[Provided data Boundary: Start]
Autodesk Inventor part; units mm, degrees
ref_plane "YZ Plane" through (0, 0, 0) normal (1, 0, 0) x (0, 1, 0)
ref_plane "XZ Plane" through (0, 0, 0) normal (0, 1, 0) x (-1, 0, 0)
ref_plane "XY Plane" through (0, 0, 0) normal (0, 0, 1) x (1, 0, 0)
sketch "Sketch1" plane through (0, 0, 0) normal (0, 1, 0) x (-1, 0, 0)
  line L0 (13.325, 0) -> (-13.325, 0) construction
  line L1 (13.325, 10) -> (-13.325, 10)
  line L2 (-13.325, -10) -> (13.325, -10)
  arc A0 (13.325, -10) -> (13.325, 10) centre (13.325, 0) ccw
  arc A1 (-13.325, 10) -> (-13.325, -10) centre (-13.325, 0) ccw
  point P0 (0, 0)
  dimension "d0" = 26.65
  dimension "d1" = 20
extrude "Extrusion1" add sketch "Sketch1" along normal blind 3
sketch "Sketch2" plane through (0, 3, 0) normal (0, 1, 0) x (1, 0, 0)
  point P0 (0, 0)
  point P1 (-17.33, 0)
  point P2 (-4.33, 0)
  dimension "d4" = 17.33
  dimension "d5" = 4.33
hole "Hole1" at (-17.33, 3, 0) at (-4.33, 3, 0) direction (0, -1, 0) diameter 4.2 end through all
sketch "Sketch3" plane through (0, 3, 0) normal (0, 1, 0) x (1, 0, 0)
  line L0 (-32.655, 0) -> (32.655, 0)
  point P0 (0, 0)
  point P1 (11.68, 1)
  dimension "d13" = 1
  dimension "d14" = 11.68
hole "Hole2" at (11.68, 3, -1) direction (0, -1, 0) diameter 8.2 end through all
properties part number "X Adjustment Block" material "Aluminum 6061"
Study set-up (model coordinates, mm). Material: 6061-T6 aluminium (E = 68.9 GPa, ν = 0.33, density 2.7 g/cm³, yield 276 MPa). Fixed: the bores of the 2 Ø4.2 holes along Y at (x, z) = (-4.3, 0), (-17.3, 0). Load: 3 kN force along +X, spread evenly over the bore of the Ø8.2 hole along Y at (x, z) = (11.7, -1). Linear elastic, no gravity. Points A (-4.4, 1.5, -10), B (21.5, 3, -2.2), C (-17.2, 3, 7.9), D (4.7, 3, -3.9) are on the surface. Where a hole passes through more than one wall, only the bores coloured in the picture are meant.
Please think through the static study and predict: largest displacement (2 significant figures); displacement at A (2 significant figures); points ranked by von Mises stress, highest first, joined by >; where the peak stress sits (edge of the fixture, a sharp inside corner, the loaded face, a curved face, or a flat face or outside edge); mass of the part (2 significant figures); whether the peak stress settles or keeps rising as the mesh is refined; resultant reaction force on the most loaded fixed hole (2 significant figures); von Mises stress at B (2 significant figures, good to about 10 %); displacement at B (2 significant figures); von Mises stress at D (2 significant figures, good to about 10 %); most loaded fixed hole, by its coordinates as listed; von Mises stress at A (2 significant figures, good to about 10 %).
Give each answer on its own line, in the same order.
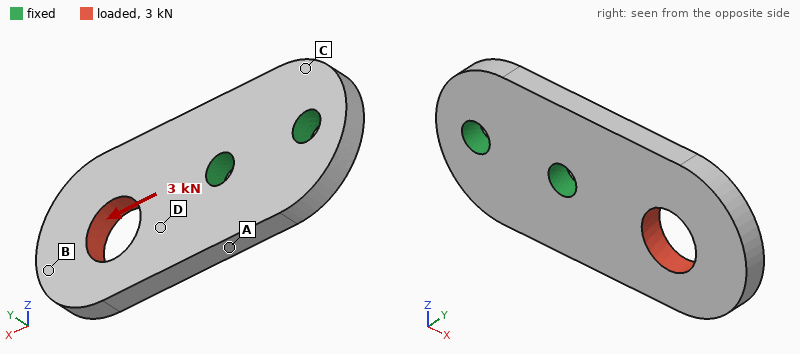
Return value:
[Provided data Boundary: End]
▶ _Requirement_
Reproduce the material above in full and without alteration, but skip all pictures.

▶ _Response to the exercise_
Autodesk Inventor part; units mm, degrees
ref_plane "YZ Plane" through (0, 0, 0) normal (1, 0, 0) x (0, 1, 0)
ref_plane "XZ Plane" through (0, 0, 0) normal (0, 1, 0) x (-1, 0, 0)
ref_plane "XY Plane" through (0, 0, 0) normal (0, 0, 1) x (1, 0, 0)
sketch "Sketch1" plane through (0, 0, 0) normal (0, 1, 0) x (-1, 0, 0)
  line L0 (13.325, 0) -> (-13.325, 0) construction
  line L1 (13.325, 10) -> (-13.325, 10)
  line L2 (-13.325, -10) -> (13.325, -10)
  arc A0 (13.325, -10) -> (13.325, 10) centre (13.325, 0) ccw
  arc A1 (-13.325, 10) -> (-13.325, -10) centre (-13.325, 0) ccw
  point P0 (0, 0)
  dimension "d0" = 26.65
  dimension "d1" = 20
extrude "Extrusion1" add sketch "Sketch1" along normal blind 3
sketch "Sketch2" plane through (0, 3, 0) normal (0, 1, 0) x (1, 0, 0)
  point P0 (0, 0)
  point P1 (-17.33, 0)
  point P2 (-4.33, 0)
  dimension "d4" = 17.33
  dimension "d5" = 4.33
hole "Hole1" at (-17.33, 3, 0) at (-4.33, 3, 0) direction (0, -1, 0) diameter 4.2 end through all
sketch "Sketch3" plane through (0, 3, 0) normal (0, 1, 0) x (1, 0, 0)
  line L0 (-32.655, 0) -> (32.655, 0)
  point P0 (0, 0)
  point P1 (11.68, 1)
  dimension "d13" = 1
  dimension "d14" = 11.68
hole "Hole2" at (11.68, 3, -1) direction (0, -1, 0) diameter 8.2 end through all
properties part number "X Adjustment Block" material "Aluminum 6061"
Study set-up (model coordinates, mm). Material: 6061-T6 aluminium (E = 68.9 GPa, ν = 0.33, density 2.7 g/cm³, yield 276 MPa). Fixed: the bores of the 2 Ø4.2 holes along Y at (x, z) = (-4.3, 0), (-17.3, 0). Load: 3 kN force along +X, spread evenly over the bore of the Ø8.2 hole along Y at (x, z) = (11.7, -1). Linear elastic, no gravity. Points A (-4.4, 1.5, -10), B (21.5, 3, -2.2), C (-17.2, 3, 7.9), D (4.7, 3, -3.9) are on the surface. Where a hole passes through more than one wall, only the bores coloured in the picture are meant.
Please think through the static study and predict: largest displacement (2 significant figures); displacement at A (2 significant figures); points ranked by von Mises stress, highest first, joined by >; where the peak stress sits (edge of the fixture, a sharp inside corner, the loaded face, a curved face, or a flat face or outside edge); mass of the part (2 significant figures); whether the peak stress settles or keeps rising as the mesh is refined; resultant reaction force on the most loaded fixed hole (2 significant figures); von Mises stress at B (2 significant figures, good to about 10 %); displacement at B (2 significant figures); von Mises stress at D (2 significant figures, good to about 10 %); most loaded fixed hole, by its coordinates as listed; von Mises stress at A (2 significant figures, good to about 10 %).
Give each answer on its own line, in the same order.
Return value:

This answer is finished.